Наверное, мне не стоило отвечать. Он в два шага оказывается около меня и хватает за волосы, откидывая мою голову назад.
— Как так вышло, твою мать, что вы целый год где-то шлялись и ничего не смогли сделать? — Он отпускает меня и с размаху бьет по лицу так, что я едва удерживаюсь на ногах. Его это не устраивает — он бьет по другой щеке, а я пытаюсь отгородиться руками. Тогда он с силой толкает меня назад, и я все-таки падаю, зацепившись раненым плечом за какой-то шкаф и ударившись головой об него же. Я пытаюсь встать, но Малфой тут же пинает меня ногой в бок, придавливая к полу. Он наклоняется ко мне и больно сдавливает руками шею, протягивая в самое ухо:
— Ты ответишь мне за каждую минуту ее непрожитой жизни, Грейнджер. — И я хватаю его руки своими, потому что мне нечем дышать, а он с удовлетворением наблюдает за моими попытками. Когда его лицо начинает расплываться, я улавливаю движение у него за спиной и внезапно хватка ослабевает.
— Не сметь! — Люциус с силой оттаскивает от меня своего сына, и я судорожно хватаю воздух, чувствуя, как мое тело сотрясает крупная дрожь.
— Это она во всем виновата, неужели ты не понимаешь? — орет Драко, тыча пальцем в мою сторону.
— Больше никогда не сметь, — железным голосом повторяет Люциус. — А теперь пошел вон.
Драко бросает на меня полный ненависти взгляд, но все же подчиняется отцу. Я пытаюсь сказать спасибо, но из горла вырываются только сипящие звуки.
— Когда будете готовы, я покажу вам вашу комнату, — говорит Люциус, не глядя на меня, и поворачивается к окну. Я с трудом встаю — дышать все еще тяжело, и я откашливаюсь. Мою комнату...
— Когда я смогу уйти? — на всякий случай уточняю я немного окрепшим голосом.
Люциус поворачивается ко мне, и я читаю ответ в его глазах.

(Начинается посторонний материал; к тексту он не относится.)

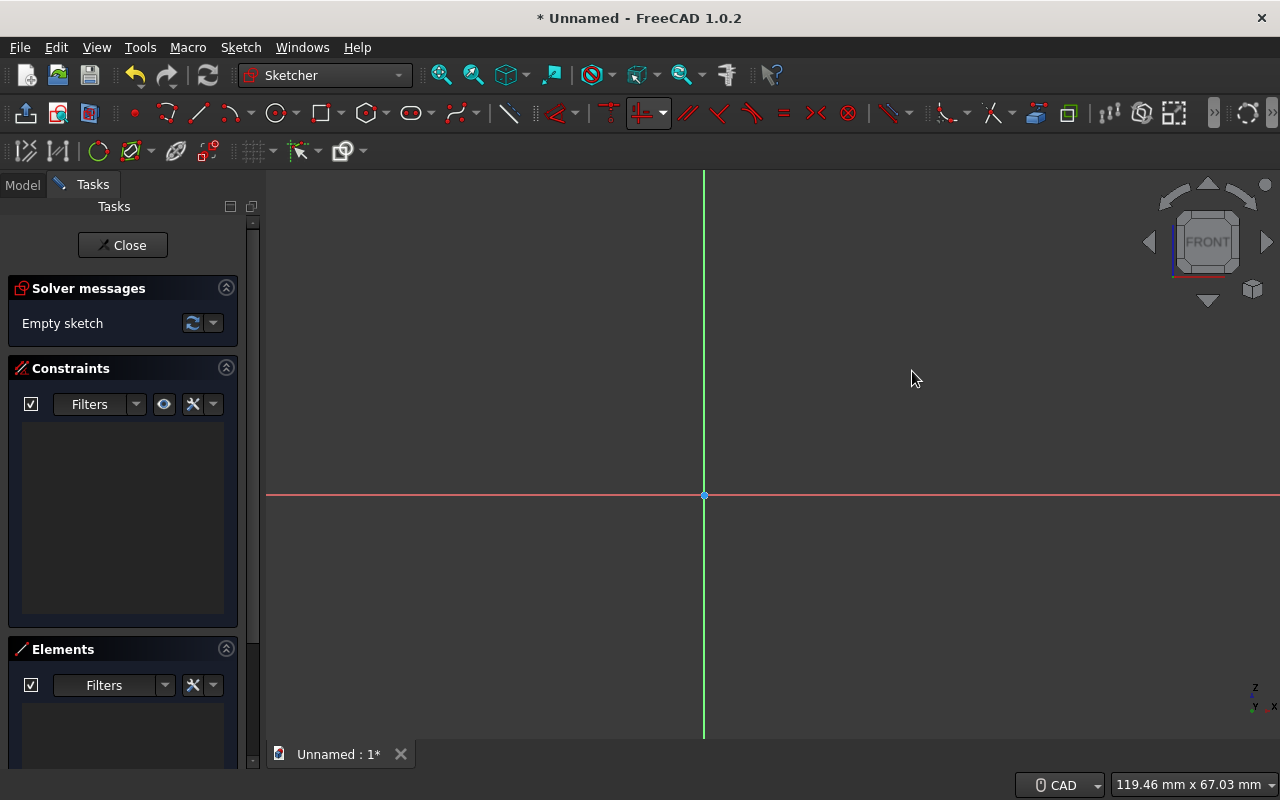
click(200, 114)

— Это не самая худшая тюрьма, поверьте, — произносит он.
* * *
Я не запоминаю дорогу, пока иду вслед за Люциусом по коридорам и переходам Малфой-мэнора. В конце концов, мы упираемся в тупик, и Люциус открывает самую неприметную дверь. В общем-то, мне неважно, что за ней окажется, но я рада тому, что теперь меня оставят в покое.
— Ужин принесут сюда, но на завтрак вам придется спуститься в обеденный зал, — сообщает Люциус, когда мы заходим в комнату. — Эльфы подобрали для вас одежду — она в шкафу.
Он уже собирается уйти, но потом снова поворачивается ко мне и задерживает взгляд на моих ранах. Поднимает руку, проводит ладонью в паре сантиметров от рассеченной щеки, затем — над рваной раной в плече. Я чувствую, как ставшие уже привычными болезненные ощущения уходят, и их сменяет мягкое тепло.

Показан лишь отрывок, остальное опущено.